Task instructions => Once the line with "Lengths in meters, angles in degrees." is found in the entries below, repeat it and each following line exactly, up to and including the line with "Build a 3D bounding box for the metal rod.". Add no other lines.

☆ ☆ ☆ ☆

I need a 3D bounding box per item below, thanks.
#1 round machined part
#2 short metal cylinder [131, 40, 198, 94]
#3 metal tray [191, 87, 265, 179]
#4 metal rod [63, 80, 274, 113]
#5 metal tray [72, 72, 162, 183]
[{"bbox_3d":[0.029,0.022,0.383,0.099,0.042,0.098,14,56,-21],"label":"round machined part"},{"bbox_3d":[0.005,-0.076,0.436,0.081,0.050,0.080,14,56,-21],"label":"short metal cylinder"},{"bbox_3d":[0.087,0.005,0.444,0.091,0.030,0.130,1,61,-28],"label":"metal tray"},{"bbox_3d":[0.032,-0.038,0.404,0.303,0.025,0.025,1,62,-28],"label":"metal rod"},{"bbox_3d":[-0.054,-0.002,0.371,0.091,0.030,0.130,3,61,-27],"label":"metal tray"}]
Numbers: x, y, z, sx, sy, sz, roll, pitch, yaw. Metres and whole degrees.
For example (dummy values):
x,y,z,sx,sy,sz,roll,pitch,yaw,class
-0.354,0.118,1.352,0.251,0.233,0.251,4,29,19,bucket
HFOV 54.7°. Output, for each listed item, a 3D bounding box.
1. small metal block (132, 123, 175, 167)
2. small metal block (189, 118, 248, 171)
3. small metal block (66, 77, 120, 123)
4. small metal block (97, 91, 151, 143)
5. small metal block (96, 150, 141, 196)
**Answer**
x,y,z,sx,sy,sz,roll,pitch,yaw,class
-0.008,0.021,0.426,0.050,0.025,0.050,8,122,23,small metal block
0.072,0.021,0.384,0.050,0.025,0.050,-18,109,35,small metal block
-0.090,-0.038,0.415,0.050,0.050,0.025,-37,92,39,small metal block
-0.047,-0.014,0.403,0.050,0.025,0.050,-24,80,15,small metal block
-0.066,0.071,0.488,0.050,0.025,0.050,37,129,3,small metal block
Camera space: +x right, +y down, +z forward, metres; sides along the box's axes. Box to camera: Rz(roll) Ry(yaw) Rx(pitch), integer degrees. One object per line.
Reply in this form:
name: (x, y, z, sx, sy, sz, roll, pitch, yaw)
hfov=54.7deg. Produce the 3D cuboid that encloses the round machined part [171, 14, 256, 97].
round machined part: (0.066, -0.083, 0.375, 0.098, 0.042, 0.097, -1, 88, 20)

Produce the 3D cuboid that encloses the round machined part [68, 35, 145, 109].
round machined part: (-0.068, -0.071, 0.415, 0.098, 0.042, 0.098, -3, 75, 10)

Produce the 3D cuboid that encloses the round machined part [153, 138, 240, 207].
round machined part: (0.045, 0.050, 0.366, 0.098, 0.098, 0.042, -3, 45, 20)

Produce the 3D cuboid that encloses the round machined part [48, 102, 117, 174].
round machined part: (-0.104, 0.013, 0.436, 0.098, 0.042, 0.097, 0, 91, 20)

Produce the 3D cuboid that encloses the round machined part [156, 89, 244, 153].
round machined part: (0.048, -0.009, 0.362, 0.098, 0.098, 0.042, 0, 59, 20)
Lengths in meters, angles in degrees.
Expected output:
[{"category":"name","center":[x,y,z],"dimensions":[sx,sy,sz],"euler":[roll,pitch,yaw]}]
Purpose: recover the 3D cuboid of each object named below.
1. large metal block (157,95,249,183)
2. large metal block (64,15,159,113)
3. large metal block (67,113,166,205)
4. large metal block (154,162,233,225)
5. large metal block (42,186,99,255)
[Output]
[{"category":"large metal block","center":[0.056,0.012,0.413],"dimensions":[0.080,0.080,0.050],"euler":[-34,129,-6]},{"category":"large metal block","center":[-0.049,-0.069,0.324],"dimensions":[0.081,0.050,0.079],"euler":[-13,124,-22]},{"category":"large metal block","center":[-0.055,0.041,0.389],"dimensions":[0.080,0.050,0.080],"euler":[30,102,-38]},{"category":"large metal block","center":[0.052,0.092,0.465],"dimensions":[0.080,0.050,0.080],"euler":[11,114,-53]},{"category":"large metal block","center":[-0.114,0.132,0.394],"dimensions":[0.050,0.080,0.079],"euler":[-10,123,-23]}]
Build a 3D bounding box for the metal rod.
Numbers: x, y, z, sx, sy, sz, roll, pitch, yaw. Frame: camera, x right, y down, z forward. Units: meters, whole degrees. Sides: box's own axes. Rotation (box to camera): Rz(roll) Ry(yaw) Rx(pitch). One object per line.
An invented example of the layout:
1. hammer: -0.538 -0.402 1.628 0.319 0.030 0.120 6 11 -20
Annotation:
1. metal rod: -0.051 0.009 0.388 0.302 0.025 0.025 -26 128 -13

☆ ☆ ☆ ☆

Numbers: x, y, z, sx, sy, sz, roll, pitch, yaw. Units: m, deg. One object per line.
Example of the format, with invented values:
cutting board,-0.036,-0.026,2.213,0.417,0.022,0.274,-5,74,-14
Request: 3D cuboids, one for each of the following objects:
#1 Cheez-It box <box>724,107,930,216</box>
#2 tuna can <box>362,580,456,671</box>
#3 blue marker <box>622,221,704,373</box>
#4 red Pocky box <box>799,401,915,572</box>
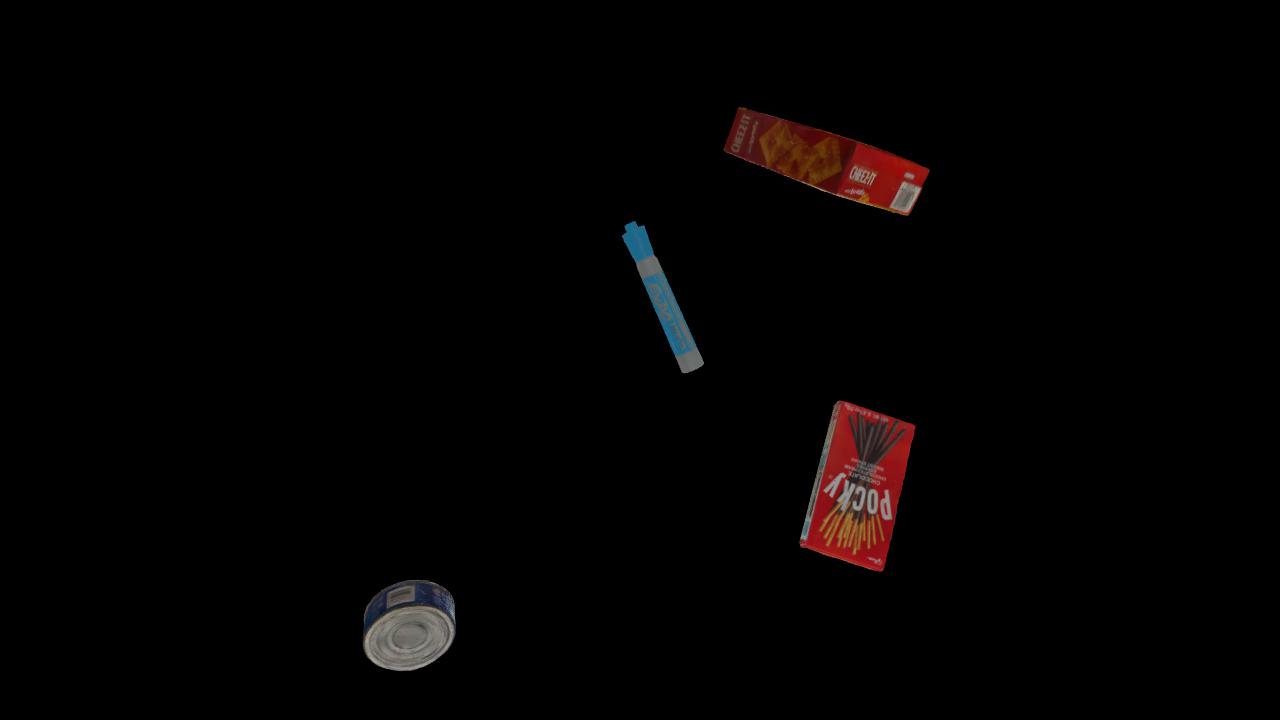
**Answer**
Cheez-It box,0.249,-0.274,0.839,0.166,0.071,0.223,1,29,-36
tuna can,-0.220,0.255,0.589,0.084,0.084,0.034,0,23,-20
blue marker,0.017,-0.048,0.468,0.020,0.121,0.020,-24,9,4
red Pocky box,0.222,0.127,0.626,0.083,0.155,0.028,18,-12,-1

☆ ☆ ☆ ☆

Output below =>
Lengths in meters, angles in degrees.
Expected output:
[{"category":"name","center":[x,y,z],"dimensions":[sx,sy,sz],"euler":[roll,pitch,yaw]}]
Purpose: recover the 3D cuboid of each object named below.
1. large metal block (157,95,249,183)
2. large metal block (64,15,159,113)
3. large metal block (67,113,166,205)
4. large metal block (154,162,233,225)
5. large metal block (42,186,99,255)
[Output]
[{"category":"large metal block","center":[0.056,0.012,0.413],"dimensions":[0.080,0.080,0.050],"euler":[-34,129,-6]},{"category":"large metal block","center":[-0.049,-0.069,0.324],"dimensions":[0.081,0.050,0.079],"euler":[-13,124,-22]},{"category":"large metal block","center":[-0.055,0.041,0.389],"dimensions":[0.080,0.050,0.080],"euler":[30,102,-38]},{"category":"large metal block","center":[0.052,0.092,0.465],"dimensions":[0.080,0.050,0.080],"euler":[11,114,-53]},{"category":"large metal block","center":[-0.114,0.132,0.394],"dimensions":[0.050,0.080,0.079],"euler":[-10,123,-23]}]
Build a 3D bounding box for the metal rod.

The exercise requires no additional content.